Outra questão é que a arte penetra e se relaciona estreitamente com a cultura na qual está localizada. Manifestações de interesse individual e coletivo é quase impossível separar a arte e a estética de seu contexto social, cultural e histórico. Há muitos casos onde a manifestação artística ocorre de modo intencionalmente coletivo, refletindo a identidade e os valores sociais de uma sociedade. Decorre, então, que a arte se projeta como campo de interesse de diversas áreas do conhecimento como a filosofia, a antropologia, a história, a sociologia, e etc... Contudo, é impossível que alguma delas consiga analisar a arte de modo independente. Isso porque a complexidade que envolve as manifestações humanas impele a interação entre essas áreas numa interdisciplinaridade constante. Afim de conhecer sobre essa relação entre identidade e as artes no contexto de Mato Grosso do Sul, entrevistei o artista visual, doutor em Artes Visuais pelo Instituto de Artes da Universidade de Campinas, Unicamp, mestre em Estudos de Linguagens e graduado em Artes Visuais pela UFMS, professor do curso de

Artes Cênicas na UEMS, Marco Antônio Bessa-Oliveira. — O senhor poderia falar sobre a relação da arte com a identidade de um povo no contexto de Mato Grosso do Sul? —, inquiri.

— A discussão sobre identidade é problemática no contexto brasileiro e, em especial, no acadêmico. Vários estabelecem a discussão acerca das perspectivas de identidades modernas que estabeleceram para nós. Poucos estão dispostos a reconhecer nossa característica identitária a partir da situação e condição de ex-colonizados e colonizados ainda hoje pelos sistemas que têm origem no processo de colonização mais antigo: cultural do século XVI e econômico do século XIX. Nesse sentido, de qual identidade nós estaríamos falando para falar de uma “arte com a identidade de um povo no contexto de Mato Grosso do Sul”? No meu caso teórico-epistêmico e crítico, mas também artístico e docente de discussões, preciso te dizer que estamos longe de entender essas questões todas.

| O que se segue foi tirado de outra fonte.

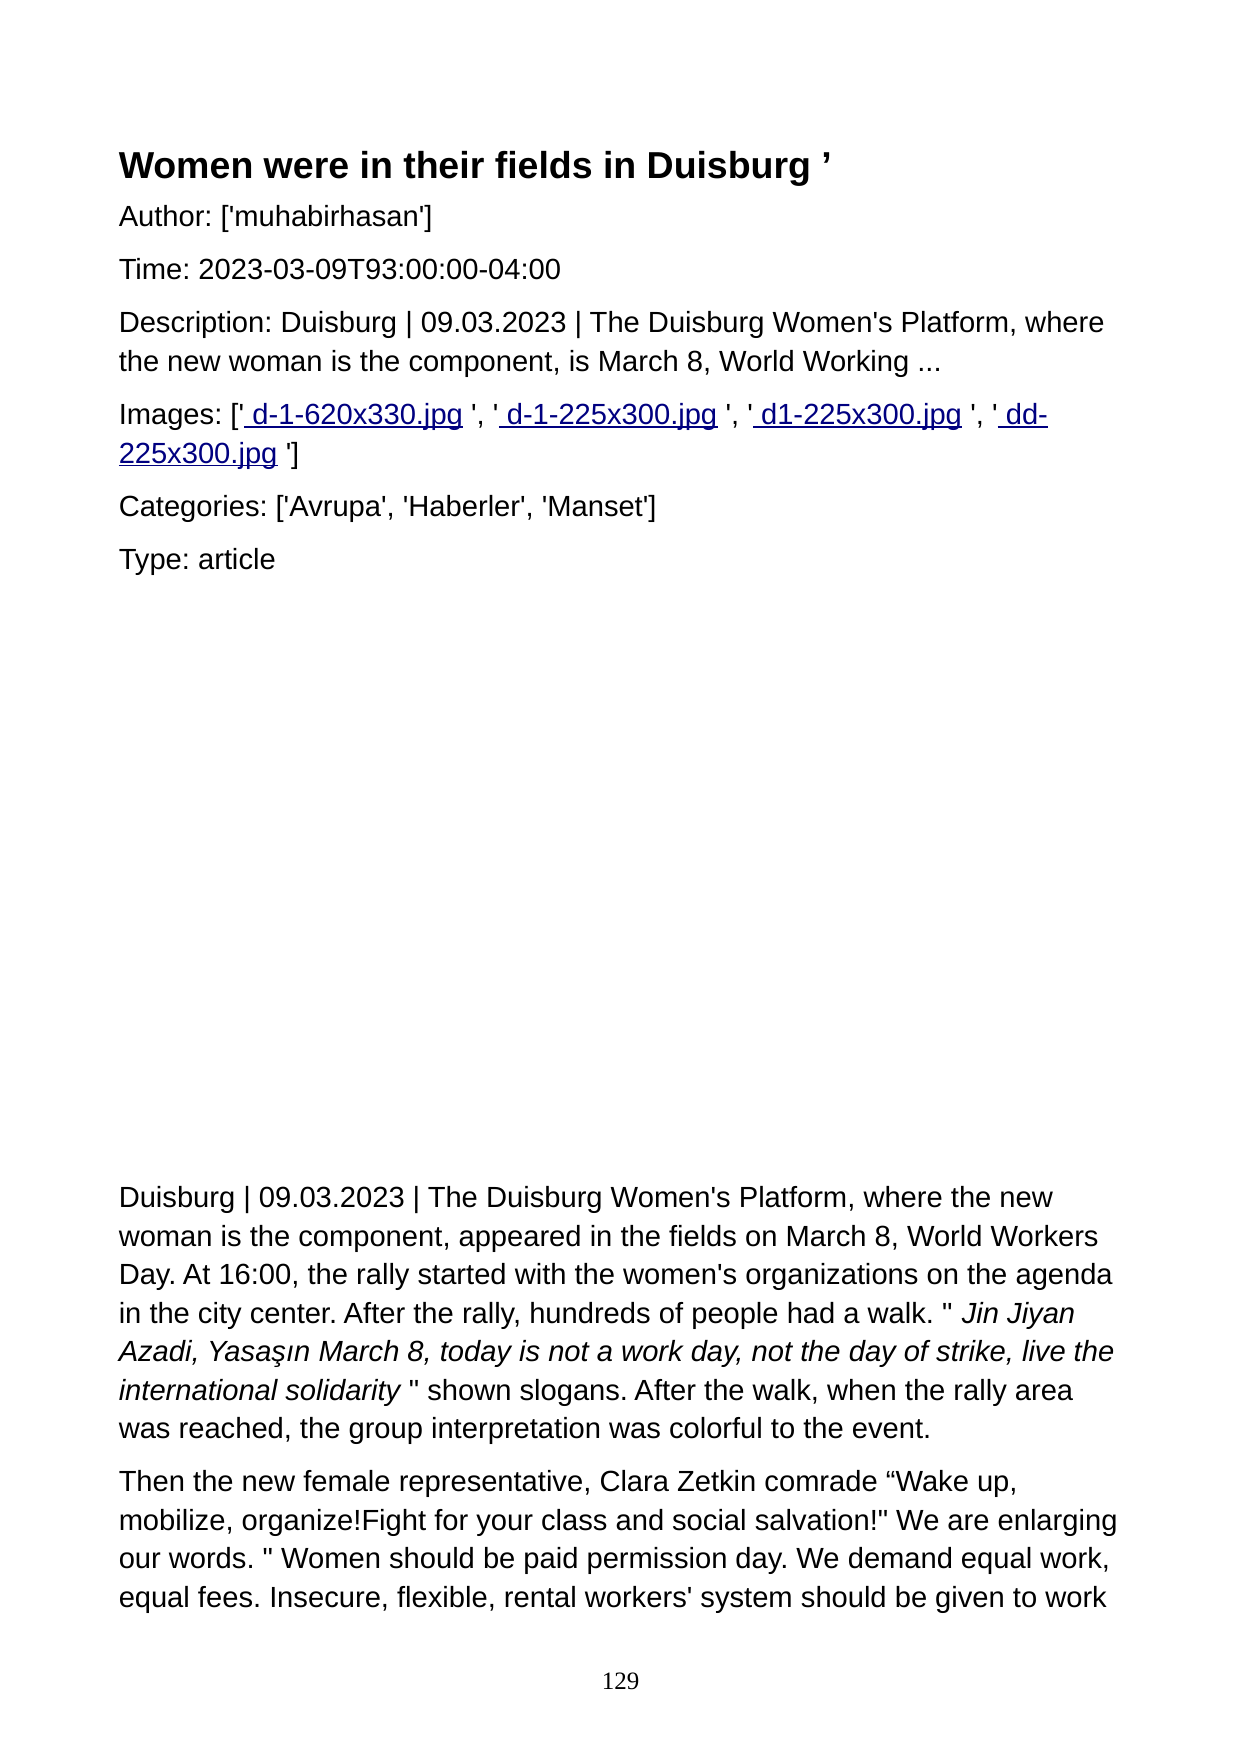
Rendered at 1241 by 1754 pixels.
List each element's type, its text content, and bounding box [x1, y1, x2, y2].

text Then the new female representative, Clara Zetkin comrade “Wake up, mobilize, organize!Fight for your class and social salvation!" We are enlarging our words. " Women should be paid permission day. We demand equal work, equal fees. Insecure, flexible, rental workers' system should be given to work [118, 1464, 1122, 1614]
text Author: ['muhabirhasan'] [118, 199, 1122, 233]
text Categories: ['Avrupa', 'Haberler', 'Manset'] [118, 489, 1122, 522]
text Description: Duisburg | 09.03.2023 | The Duisburg Women's Platform, where the new woman is the component, is March 8, World Working ... [118, 305, 1122, 377]
text Duisburg | 09.03.2023 | The Duisburg Women's Platform, where the new woman is the component, appeared in the fields on March 8, World Workers Day. At 16:00, the rally started with the women's organizations on the agenda in the city center. After the rally, hundreds of people had a walk. " Jin Jiyan Azadi, Yasaşın March 8, today is not a work day, not the day of strike, live the international solidarity " shown slogans. After the walk, when the rally area was reached, the group interpretation was colorful to the event. [118, 595, 1122, 1445]
text Time: 2023-03-09T93:00:00-04:00 [118, 252, 1122, 286]
subtitle Women were in their fields in Duisburg ’ [118, 143, 1122, 187]
text Images: [' d-1-620x330.jpg ', ' d-1-225x300.jpg ', ' d1-225x300.jpg ', ' dd-225x300.jpg '] [118, 397, 1122, 469]
text Type: article [118, 542, 1122, 575]
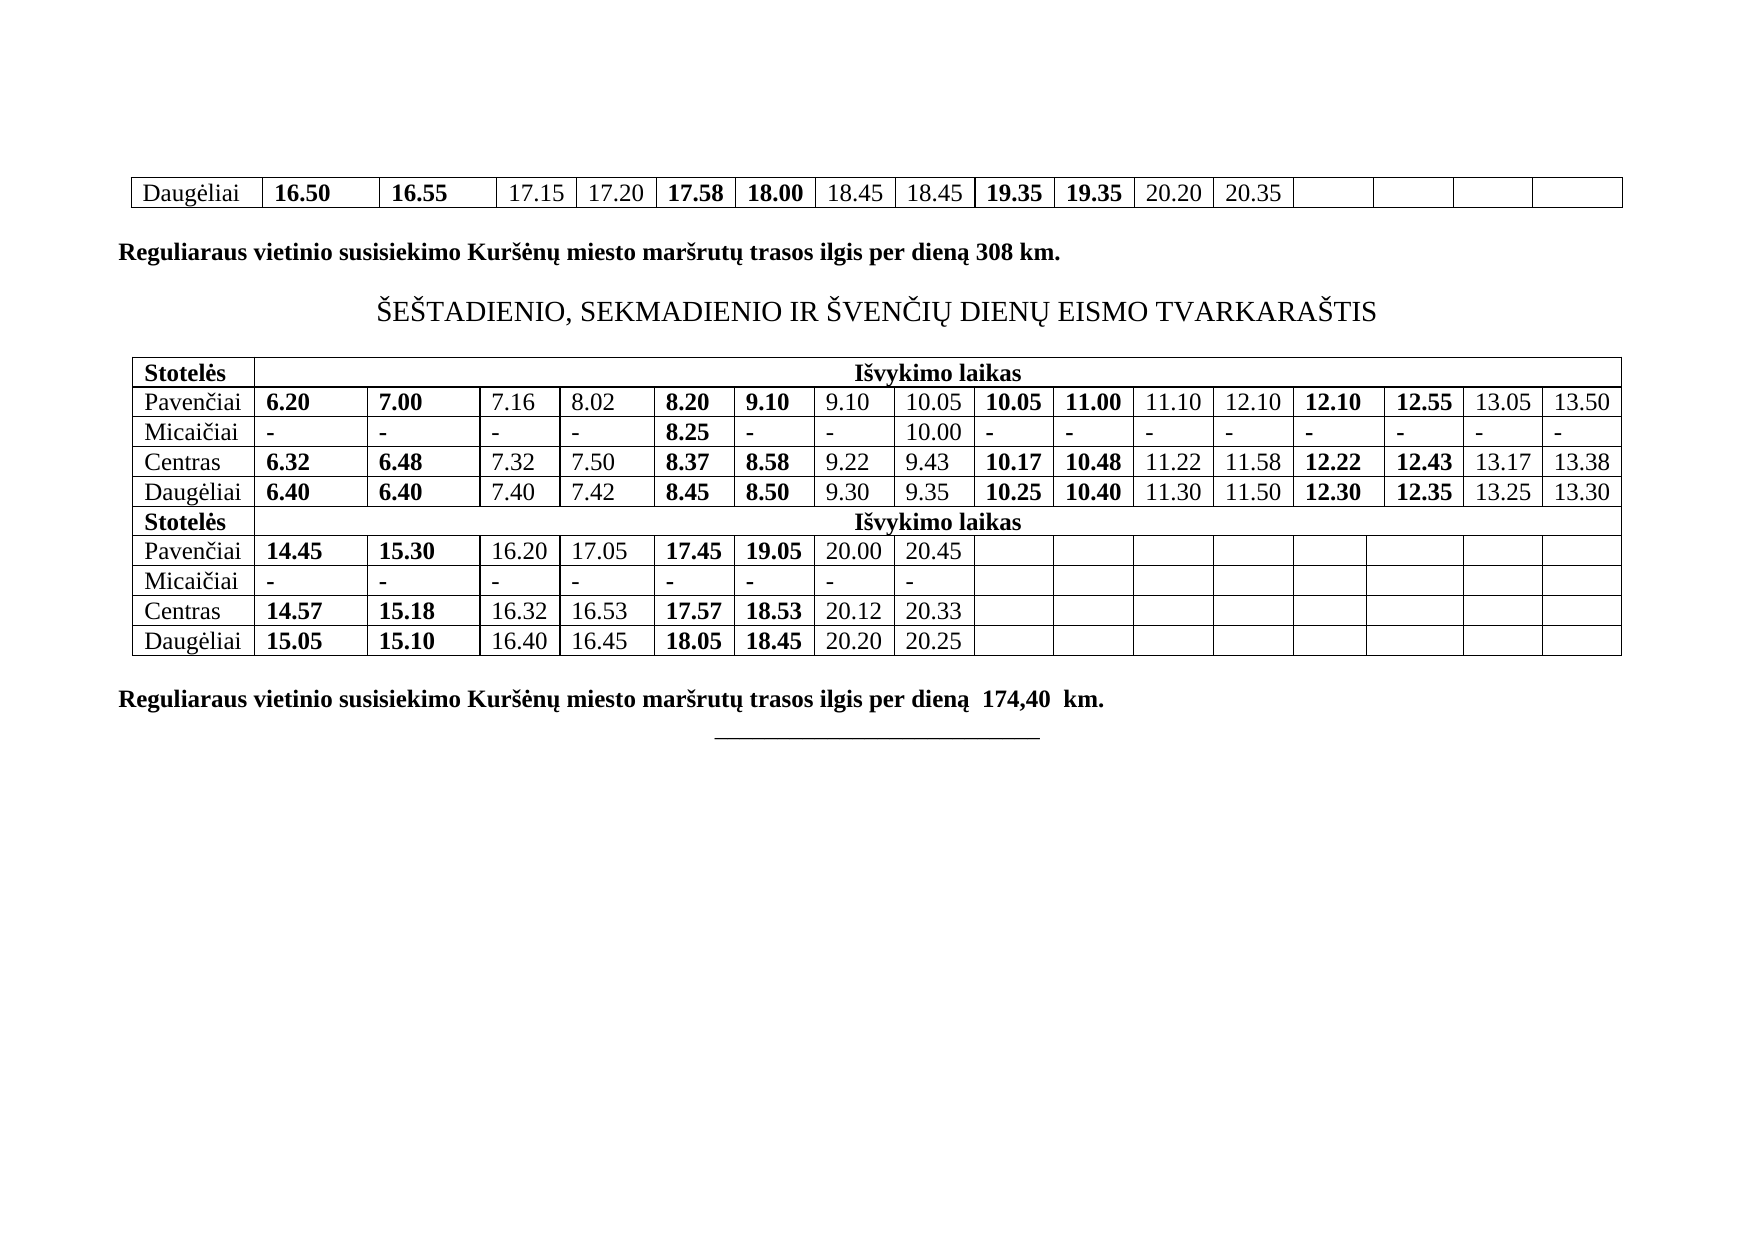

Até porque a arte ainda é mais arma de identidade de fazer política do que arma de identidade como política contra políticas ineficientes de identidades. —, respondeu, denunciando sua personalidade crítica. Conforme verificamos no capítulo anterior, Mato Grosso do Sul é um Estado formado por uma mistura de culturas trazidas por imigrantes de outras regiões do país e do exterior, com destaque para as fronteiras internacionais com o Paraguai e Bolívia e as nacionais com Mato Grosso, Minas Gerais, Goiás, São Paulo e Paraná de onde vieram os primeiros colonizadores. Com esses dados em mente, lancei um novo questionamento ao professor: — A arte sul-mato-grossense possui características próprias? Quais? — A situação de ser uma arte “em”, “de”, e, “a partir de” fronteiras múltiplas deveria ser a característica mais própria e importante da arte local. Mas é claro que não estou falando de fronteira geográfica pura e simplesmente. Mas, a priori, poderia dizer que trato como fronteira tudo que implementa qualquer tipo de delimitação à produção artístico-cultural e de conhecimento que emerge daqui e de lugares não hegemônicos. —, disse-me Bessa-Oliveira. Com isso, naturalmente, o professor alude a visão generalizada do país onde o circuito artístico está restrito à região sudeste tendo o sul e o nordeste algum destaque neste setor enquanto no restante do país as manifestações artísticas e culturais são tratadas como expressões regionais criando uma hierarquia que beneficia as primeiras em detrimento das demais. Outros-

sim, o professor se mostra crítico em relação à presença de um referencial europeu e estadunidense que na estética local impede o reconhecimento da influência de fronteiras geográficas e delimitantes da produção artística sul-mato-grossense que mais ganharia em se reconhecer como portadora de uma “estética bugresca”: — A impossibilidade de circulação de qualquer tipo de arte. Do mesmo jeito, essa arte “em”, “de”, e, “a partir de” fronteiras tem uma especificidade que ainda não faz muito sentido para a maioria dos discursos sobre arte no Estado: ser uma arte literal de fronteira (agora também falo de fronteira da ótica geográfica, mas ainda assim não é somente) é o ponto crucial da nossa arte. E digo isso, com toda certeza, para o bem. A arte local sul-mato-grossense é multíplice, sem ser híbrida tá? Esse conceito não nos representa, e isso é o que deve caracterizar nossa produção emergente daqui: urgentemente. O dia em que reconhecermos na arte local uma “estética bugresca” (como tenho defendido), estaremos falando de uma arte que tem muito mais relações biogeográficas nela, com ela e a partir dela com as pessoas que estão nesse lugar. Portanto, a identidade artística do Estado assume características bastante complexas. Assim, não é surpreendente que a imposição da arte e da cultura de origem europeia se faça presente nas manifestações locais. Não obstante, é observável a sobrevivência de outras culturas ancestrais, como a africana e a indígena, que seguem enraizadas na formação cultural dos sul-mato-grossenses, muito embora, via de regra passem desapercebidas e estereotipadas. Portanto, é preciso considerar que desde as pinturas rupestres ao cinema contemporâneo, a arte manifesta-se de forma onisciente por meio de suas linguagens de forma a causar reflexão, questionamentos e validações de aspectos culturais. No Mato Grosso do Sul, esta relação é bem evidente entre as nações indígenas.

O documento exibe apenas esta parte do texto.